Competing interests: The authors have declared that no competing interests exist.
Antibiotics have made a huge contribution to the extension of human life span. However, antimicrobial resistance (AMR) is making existing antibiotics ineffective. At the same time, lack of new antibiotic classes and limited commercial incentives frustrate antibiotic research and development. The converging problems of AMR and a nearly empty discovery pipeline form an impending crisis, often referred to as the “silent pandemic”, which may cause 10 million deaths annually by 2050 [1]. Microorganisms produce a wealth of bioactive secondary metabolites, many of which are used in the clinic. However, no new antibiotics have entered the market since daptomycin was introduced in 2003. One major bottleneck is that of replication, in other words, the fact that antibiotic discovery pipelines lead to rediscovery of the same compounds. Then the question is, can we still find new chemical entities that will serve as the drugs of the future? The answer is as simple as it is complicated: if we are to discover new classes of antibiotics, we need to do things that have not been done before.
Whole genome sequencing has revealed that genomes of Actinobacteria contain dozens of biosynthetic gene clusters (BGCs) that encode the synthesis of natural products [2]. Bioinformatic tools such as antiSMASH allow the automated identification of these BGCs and prediction of the classes of molecules they produce. Millions of BGCs have been sequenced that encode the biosynthesis of many thousands of natural product scaffolds, and a recent study estimated that only some 3% of the natural product structural classes have thus far been experimentally characterized [3]. A major question is how to prioritize from the millions of unknown BGCs and their cognate metabolites. Finding ways to activate cryptic or silent BGCs and the application of artificial intelligence are two promising avenues to address this question.

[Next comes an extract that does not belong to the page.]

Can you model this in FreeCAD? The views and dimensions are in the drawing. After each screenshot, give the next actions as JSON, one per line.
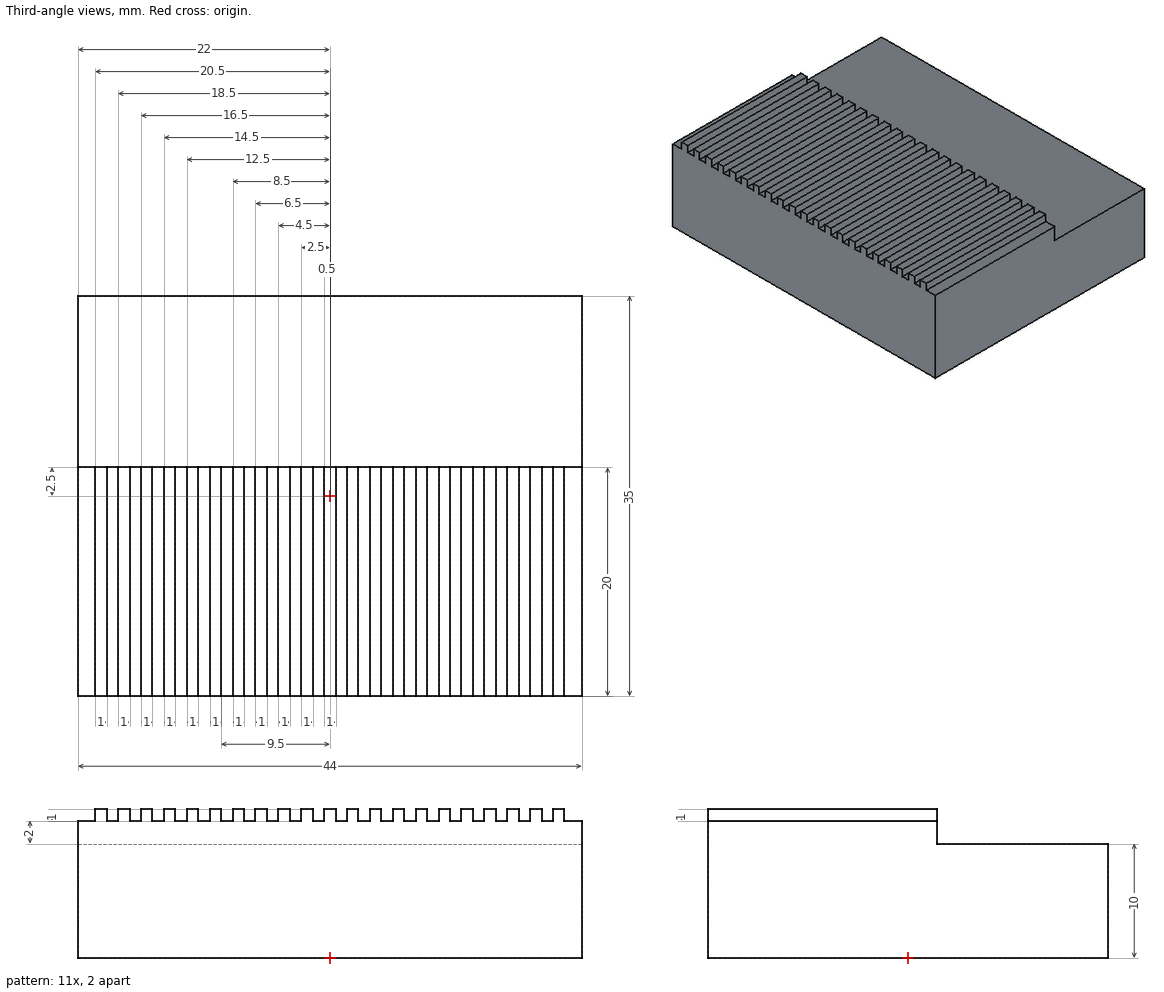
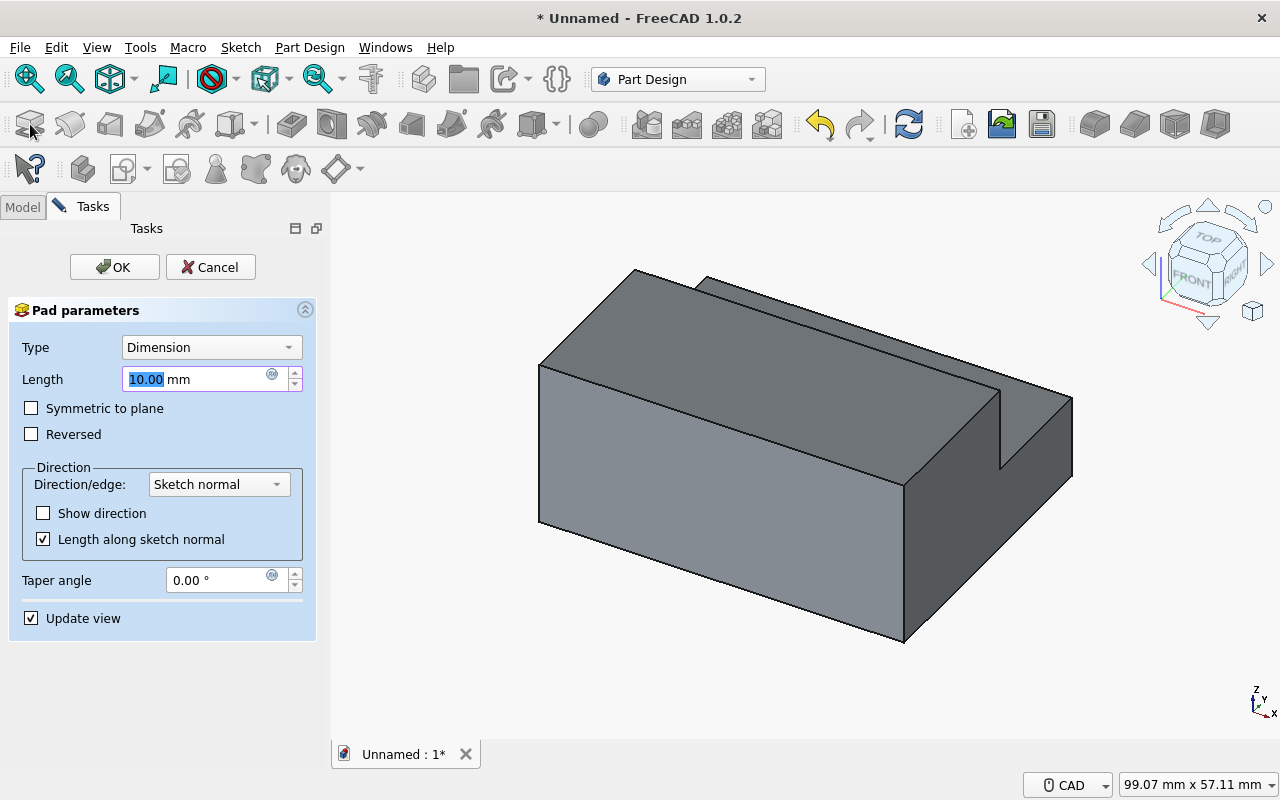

The control of BGCs is tied to the ecological conditions in which antibiotic production evolved [4]. Understanding the underlying mechanisms may open up completely new biology and chemical diversity. The chemical composition of the bacterial habitat and the interactions with other bacteria, plants or insects are likely major determinants. Hosts harness symbiotic microbial products for protection against diseases; when plants or animals are challenged by infections or pests, their stress signals are perceived by microbes in their microbiome, which respond by producing protective bioactive molecules [5]. Elucidating the triggers and cues that activate BGC expression will allow the development of rational elicitation approaches [4], while high-throughput elicitor screens form an attractive alternative [6].
To rationally design elicitors and predict what is needed to activate BGCs of interest, we need to vastly expand the knowledge of the transcription factor regulatory networks (TFRNs) in (Actino)bacteria and how they control BGCs. Only about 5% of all TFs have been characterized in model antibiotic producers such as Streptomyces. DNA affinity purification sequencing (DAP-seq) allows generating genome-wide DNA binding profiles of many TFs in high throughput [7] and we expect this technology to hugely expand our knowledge of the TFRNs in Actinobacteria in the coming years. This will accelerate the predictive power of how BGCs are controlled, enabling prediction of how they are activated and thus the characterization of their cognate metabolites. In addition, TFRNs may be harnessed to predict the function of BGCs; for example, the presence of binding sites for the iron master regulator DmdR1 implies that the natural product produced by the BGC is likely to be involved in iron homeostasis [8]. Another way to avoid the regulatory constraints on BGCs is by cloning: placing them under the control of strong and/or artificial promoters, and expressing them in a suitable heterologous host. However, until this procedure is amenable to high(er) throughput, it will only remain applicable to the expression of specific BGCs of interest.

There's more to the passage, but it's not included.